Open macieksk opened 3 years ago
Hello, we are sequencing SarsCov-2 genome and we notice this situation too. We also need "Good heterozygotic variants" be published as pass and not as fail. The PR seems ok but I noted that it was not incorporated in the current release of Artic bfx pipeline. Any news about this feature in the future?
I think we just recently observed a related issue using artic v1.2.1.
We noticed that the 28262 G>GAACA insertion in P.1 lineage was filtered-out and the pipeline assigned a single "N" letter on this site when "--medaka" option was used. This seems because longshot annotated this variation as heterozygotic genotype and the pipeline throwed this variation into xx.fail.vcf file.

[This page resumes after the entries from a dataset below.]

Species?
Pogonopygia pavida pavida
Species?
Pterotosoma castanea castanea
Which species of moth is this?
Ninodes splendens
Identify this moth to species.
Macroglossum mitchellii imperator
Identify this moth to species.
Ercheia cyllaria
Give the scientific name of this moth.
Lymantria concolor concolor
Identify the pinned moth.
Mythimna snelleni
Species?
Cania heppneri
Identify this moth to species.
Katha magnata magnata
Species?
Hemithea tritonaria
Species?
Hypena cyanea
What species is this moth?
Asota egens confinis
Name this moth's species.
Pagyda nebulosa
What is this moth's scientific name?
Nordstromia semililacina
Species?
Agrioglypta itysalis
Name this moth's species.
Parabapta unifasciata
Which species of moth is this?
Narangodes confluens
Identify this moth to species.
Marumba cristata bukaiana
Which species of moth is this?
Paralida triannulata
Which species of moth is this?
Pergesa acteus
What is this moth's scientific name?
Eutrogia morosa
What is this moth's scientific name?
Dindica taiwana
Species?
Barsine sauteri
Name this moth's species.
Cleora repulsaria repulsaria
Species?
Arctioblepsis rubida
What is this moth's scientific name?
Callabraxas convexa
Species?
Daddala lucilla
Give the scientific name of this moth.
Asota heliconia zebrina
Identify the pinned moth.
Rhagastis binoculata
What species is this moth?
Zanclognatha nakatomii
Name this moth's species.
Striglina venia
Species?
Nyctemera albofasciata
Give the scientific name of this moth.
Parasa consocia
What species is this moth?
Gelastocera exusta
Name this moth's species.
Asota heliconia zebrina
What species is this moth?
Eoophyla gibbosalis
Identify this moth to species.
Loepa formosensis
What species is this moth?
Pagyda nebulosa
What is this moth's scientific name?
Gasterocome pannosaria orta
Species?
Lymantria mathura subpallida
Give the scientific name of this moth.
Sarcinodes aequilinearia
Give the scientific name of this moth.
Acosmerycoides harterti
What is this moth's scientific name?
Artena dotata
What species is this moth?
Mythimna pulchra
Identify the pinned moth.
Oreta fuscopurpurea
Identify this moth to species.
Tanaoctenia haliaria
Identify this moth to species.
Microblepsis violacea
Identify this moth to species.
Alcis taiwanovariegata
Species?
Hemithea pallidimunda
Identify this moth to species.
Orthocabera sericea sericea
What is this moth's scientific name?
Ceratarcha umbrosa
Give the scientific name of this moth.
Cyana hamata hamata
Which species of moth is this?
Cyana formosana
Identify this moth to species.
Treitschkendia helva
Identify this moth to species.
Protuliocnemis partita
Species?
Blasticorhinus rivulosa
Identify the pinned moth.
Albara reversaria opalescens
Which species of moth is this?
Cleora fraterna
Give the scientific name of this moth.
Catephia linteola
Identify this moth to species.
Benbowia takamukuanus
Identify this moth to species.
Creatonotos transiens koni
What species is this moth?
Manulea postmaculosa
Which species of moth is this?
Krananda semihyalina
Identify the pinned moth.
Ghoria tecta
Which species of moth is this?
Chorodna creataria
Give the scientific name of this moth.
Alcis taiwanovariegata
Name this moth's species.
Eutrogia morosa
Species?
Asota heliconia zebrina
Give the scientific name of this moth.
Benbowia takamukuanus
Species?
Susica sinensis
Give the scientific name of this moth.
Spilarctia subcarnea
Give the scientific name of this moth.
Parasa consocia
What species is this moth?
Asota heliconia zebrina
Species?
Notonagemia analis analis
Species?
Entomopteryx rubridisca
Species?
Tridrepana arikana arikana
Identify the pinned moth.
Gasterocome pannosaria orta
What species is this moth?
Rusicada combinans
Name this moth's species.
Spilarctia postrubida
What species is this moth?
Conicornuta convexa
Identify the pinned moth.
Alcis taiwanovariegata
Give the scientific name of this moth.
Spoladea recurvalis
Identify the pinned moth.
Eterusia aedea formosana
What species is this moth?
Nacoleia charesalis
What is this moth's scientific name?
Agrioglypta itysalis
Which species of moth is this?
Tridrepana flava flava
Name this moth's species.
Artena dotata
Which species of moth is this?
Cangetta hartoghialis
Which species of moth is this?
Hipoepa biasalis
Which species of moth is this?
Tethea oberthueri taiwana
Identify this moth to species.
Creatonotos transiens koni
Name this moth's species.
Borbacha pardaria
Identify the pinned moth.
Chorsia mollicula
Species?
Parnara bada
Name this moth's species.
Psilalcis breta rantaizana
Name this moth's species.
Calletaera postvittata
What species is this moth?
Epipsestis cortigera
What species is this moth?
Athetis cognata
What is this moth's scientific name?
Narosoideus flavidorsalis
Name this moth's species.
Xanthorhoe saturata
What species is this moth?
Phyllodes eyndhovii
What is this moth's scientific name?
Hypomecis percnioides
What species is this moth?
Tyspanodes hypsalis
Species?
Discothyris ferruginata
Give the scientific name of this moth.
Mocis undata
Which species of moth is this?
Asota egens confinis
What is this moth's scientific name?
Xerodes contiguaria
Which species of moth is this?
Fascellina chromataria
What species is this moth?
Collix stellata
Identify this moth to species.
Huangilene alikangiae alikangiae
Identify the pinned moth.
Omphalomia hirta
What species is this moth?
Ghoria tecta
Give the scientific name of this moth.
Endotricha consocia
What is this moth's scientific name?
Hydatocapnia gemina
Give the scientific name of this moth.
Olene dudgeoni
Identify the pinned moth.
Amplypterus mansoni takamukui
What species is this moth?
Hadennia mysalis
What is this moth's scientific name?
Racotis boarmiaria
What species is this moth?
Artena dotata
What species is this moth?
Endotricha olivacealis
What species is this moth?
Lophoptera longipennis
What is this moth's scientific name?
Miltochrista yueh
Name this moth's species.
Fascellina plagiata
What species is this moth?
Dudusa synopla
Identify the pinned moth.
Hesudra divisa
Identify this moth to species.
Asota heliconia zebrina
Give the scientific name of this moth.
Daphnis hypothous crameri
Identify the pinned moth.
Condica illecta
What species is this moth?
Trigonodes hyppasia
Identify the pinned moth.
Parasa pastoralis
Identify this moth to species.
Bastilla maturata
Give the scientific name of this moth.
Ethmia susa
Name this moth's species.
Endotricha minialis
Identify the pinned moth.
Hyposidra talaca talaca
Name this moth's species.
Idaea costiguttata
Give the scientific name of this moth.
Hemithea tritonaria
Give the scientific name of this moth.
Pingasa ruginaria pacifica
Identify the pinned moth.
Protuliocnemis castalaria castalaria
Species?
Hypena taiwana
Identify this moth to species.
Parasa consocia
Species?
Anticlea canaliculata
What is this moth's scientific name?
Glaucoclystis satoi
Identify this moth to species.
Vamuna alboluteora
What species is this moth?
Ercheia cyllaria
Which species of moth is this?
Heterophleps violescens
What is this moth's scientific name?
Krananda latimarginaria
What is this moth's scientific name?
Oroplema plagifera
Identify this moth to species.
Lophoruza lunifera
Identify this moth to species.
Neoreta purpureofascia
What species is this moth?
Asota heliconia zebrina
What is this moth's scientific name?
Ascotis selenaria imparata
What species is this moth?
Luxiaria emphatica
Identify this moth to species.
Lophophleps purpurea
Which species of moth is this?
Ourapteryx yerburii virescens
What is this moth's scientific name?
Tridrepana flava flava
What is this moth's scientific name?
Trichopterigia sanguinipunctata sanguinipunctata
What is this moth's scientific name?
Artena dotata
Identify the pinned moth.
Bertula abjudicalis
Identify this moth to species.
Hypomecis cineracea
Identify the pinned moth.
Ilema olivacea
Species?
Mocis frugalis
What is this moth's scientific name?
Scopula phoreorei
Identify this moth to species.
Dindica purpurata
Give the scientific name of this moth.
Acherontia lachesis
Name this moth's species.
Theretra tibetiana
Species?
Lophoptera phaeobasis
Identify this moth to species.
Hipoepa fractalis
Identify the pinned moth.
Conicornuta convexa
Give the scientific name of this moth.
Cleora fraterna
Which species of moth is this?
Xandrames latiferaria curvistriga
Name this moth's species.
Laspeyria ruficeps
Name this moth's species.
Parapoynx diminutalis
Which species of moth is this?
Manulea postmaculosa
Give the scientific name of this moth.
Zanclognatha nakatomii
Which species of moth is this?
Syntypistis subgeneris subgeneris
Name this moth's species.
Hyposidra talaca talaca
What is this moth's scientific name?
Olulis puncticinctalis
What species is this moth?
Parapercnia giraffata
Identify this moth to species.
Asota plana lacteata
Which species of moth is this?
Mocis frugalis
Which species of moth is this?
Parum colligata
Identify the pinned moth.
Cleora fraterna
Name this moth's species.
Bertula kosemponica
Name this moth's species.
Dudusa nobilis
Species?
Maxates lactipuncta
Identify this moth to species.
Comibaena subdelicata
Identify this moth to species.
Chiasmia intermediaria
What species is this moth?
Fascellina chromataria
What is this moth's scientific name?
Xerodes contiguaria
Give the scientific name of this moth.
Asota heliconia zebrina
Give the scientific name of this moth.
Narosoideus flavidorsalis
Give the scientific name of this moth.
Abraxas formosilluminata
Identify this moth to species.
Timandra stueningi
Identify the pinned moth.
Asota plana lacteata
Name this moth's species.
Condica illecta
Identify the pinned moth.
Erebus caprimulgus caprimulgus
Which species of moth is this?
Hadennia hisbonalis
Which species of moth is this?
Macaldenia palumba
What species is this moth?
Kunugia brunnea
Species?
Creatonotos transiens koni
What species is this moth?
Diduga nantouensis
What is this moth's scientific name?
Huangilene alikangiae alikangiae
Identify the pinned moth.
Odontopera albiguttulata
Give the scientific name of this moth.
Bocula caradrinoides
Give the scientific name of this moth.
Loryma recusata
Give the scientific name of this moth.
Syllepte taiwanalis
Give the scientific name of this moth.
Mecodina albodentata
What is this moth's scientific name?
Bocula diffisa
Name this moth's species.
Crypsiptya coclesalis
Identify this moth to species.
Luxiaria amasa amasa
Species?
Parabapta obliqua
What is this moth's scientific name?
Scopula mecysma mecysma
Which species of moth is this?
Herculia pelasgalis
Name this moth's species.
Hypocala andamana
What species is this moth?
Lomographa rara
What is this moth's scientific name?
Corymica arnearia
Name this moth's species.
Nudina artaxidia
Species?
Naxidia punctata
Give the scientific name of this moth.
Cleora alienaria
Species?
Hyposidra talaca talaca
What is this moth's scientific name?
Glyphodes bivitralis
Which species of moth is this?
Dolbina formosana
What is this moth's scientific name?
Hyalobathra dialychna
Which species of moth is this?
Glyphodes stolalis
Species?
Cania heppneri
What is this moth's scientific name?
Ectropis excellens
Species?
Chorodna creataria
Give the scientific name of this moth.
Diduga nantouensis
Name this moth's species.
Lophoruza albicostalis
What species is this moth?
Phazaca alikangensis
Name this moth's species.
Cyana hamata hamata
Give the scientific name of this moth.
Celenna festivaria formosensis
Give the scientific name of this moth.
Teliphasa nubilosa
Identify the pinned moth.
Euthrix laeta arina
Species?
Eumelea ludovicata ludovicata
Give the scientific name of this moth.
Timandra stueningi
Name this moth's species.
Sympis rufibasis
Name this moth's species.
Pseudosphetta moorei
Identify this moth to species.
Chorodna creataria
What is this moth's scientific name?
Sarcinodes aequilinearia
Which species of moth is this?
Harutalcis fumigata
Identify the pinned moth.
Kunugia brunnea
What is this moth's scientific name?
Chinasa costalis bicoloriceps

As I looked GISAID database up to 16 March, there are 36 entries hit by 'grep CTAAACNAACAAA'. Approx. half of them were P.1 and the remaining entries were B.1.1.7 and B.1.526. I assume those "N" site were derived from the same issue with "--medaka", and if I am right, this option should be used carefully in current version of pipeline.
Default nanopolish mode precisely incorporated this variantion to consensus.
Hi, as described in this pull request https://github.com/artic-network/fieldbioinformatics/pull/58 , I found out that a more precise filtering for heterozygotic variants for
artic minion --medaka
pipeline is desirable.Here is one of many examples I found in my samples of significant heterozygotic variants, which were filtered out by
artic_vcf_filter --longshot
. With the proposed patch such variants are left in*.pass.vcf.gz
files, while at the same time homopolymer false positives are still put in*.fail.vcf
(all of them in my over a dozen samples).Good heterozygotic variant filtered out with current pipeline, retained with the patch:![image](https://user-images.githubusercontent.com/439861/89559222-a9a07700-d815-11ea-915b-a1c4a6eb4ccc.png)
MN908947.3 24872 . G T 500.0 PASS DP=400;AC=120,227;AM=53;MC=0;MF=0.0;MB=0.0;AQ=11.48;GM=1;PH=6.02,6.02,6.02,6.02;SC =None; GT:GQ:PS:UG:UQ 0/1:147.24:.:0/1:147.24
False positive homopolymer filtered out with current and patched pipelines:![image](https://user-images.githubusercontent.com/439861/89559373-d9e81580-d815-11ea-9a37-ef3d877ae410.png)
MN908947.3 10527 . C CT 96.06 PASS DP=398;AC=130,59;AM=209;MC=0;MF=0.0;MB=0.0;AQ=7.4;GM=1;PH=6.02,6.02,6.02,6.02;SC=None; GT:GQ:PS:UG:UQ 0/1:96.06:.:0/1:96.06
Do you think this more precise filtering could be the default? Maybe with different default filtering parameters, although I found these in the patch (0.5 minimal fraction of alternate reads, 12 reads minimum to retain) to be ok.